Unsaturated fats (those containing mainly unsaturated fatty acids), by contrast, tend to reduce the concentration of cholesterol in the bloodstream and hence reduce the risk of atherosclerosis and heart disease. Furthermore, the long-chain ω-3 polyunsaturated fatty acids (found especially in fish oils) have beneficial effects in reducing the tendency of the blood to clot undesirably, and hence reduce the risk of thrombosis. The reduction in total fat intake that is considered desirable on health grounds (from 40 per cent of energy to 30 per cent) should be entirely at the expense of saturated fats, coming down from the present average of 17 per cent of energy to only 10 per cent. Monounsaturated fats should provide about 12 per cent of energy and polyunsaturated about 6 per cent, as at present.
In naturally occurring oils, almost all of the unsaturated fatty acids are in the cis-configuration, in which the carbon chain continues on the same side of the molecule either side of each double bond. The process of hardening oils for manufacture of margarine and vegetable shortenings involves saturating some of the double bonds (thus raising the melting point so that the oil is solid at room temperature).

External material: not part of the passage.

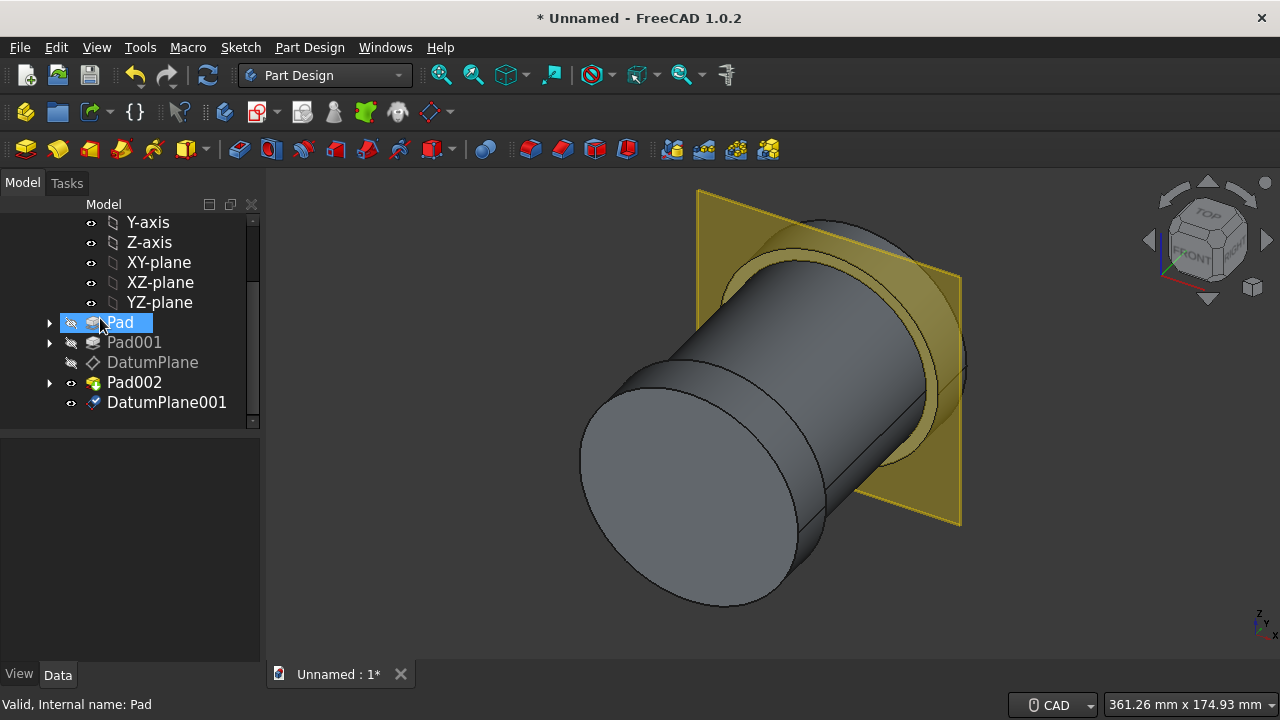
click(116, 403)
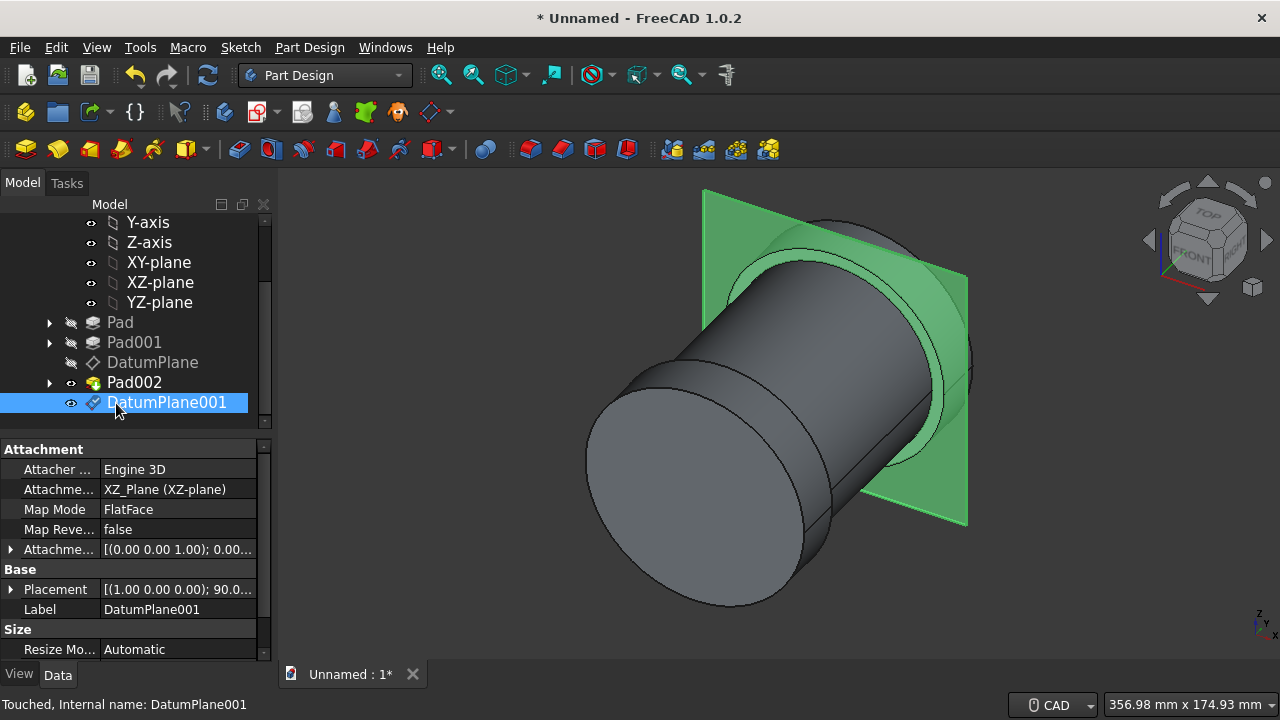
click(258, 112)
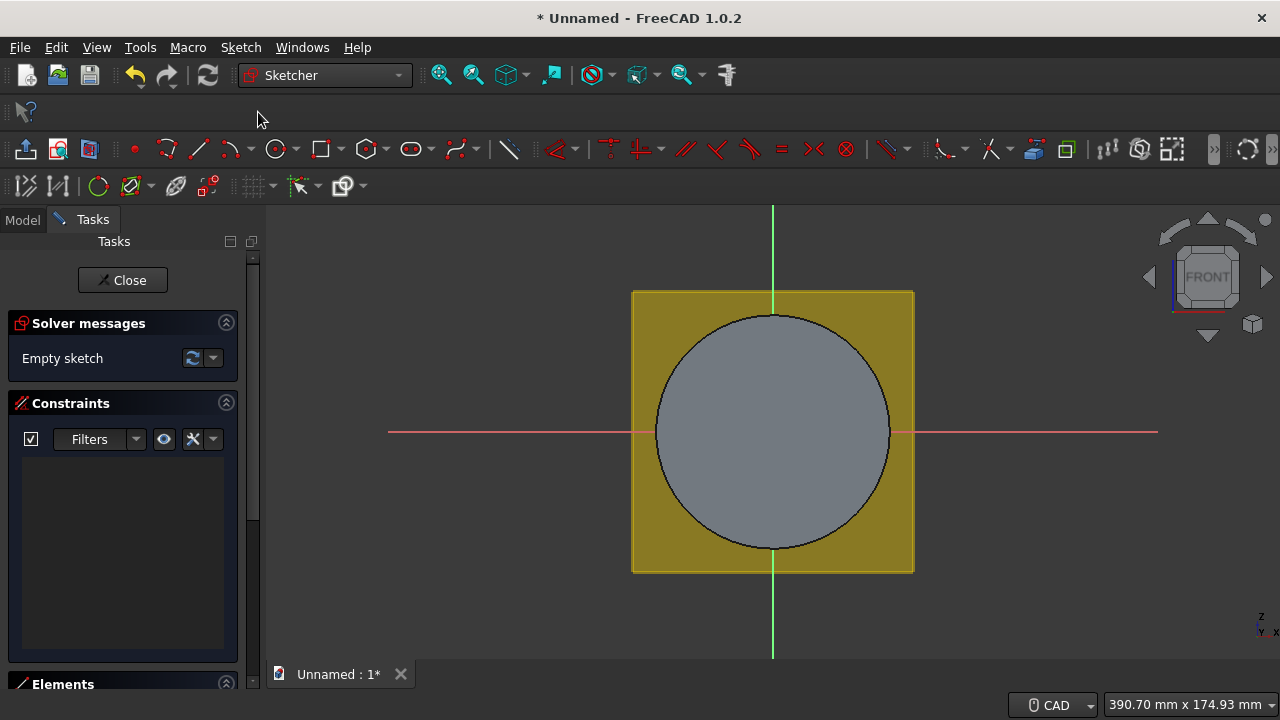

A proportion of the double bonds that are not saturated in the process undergo a change to the trans-configuration (in which the carbon chain continues on opposite sides of the double bond). Trans-fatty acids do not have the beneficial effects of cis-fatty acids, and there is some evidence that high intakes of trans-fatty acids are associated with higher incidence of heart disease. It is therefore recommended that intakes of trans-fatty acids should not rise above the current average of about 2 per cent of energy intake.
In order to help people to reduce their intake of fat, a number of low-fat spreads have been developed to replace some or all of the butter and margarine (which contain 80-82 per cent fat) in the diet. Dairy spreads are blended cream and vegetable oil, containing 72-75 percent fat, while reduced fat spreads are mainly vegetable oils, containing 60-70 per cent fat. Both of these can be used for cooking in the same way as butter or margarine. Low-fat (37-40 per cent) and very low-fat (20-25 per cent) spreads contain dairy fat and vegetable oils, and are not suitable for cooking. Extremely low fat spreads (5 per cent fat) are made using a fat substitute such as Simplesse, a modified protein, or Olestra (both are registered trademarks), a sucrose polyester that is not digested.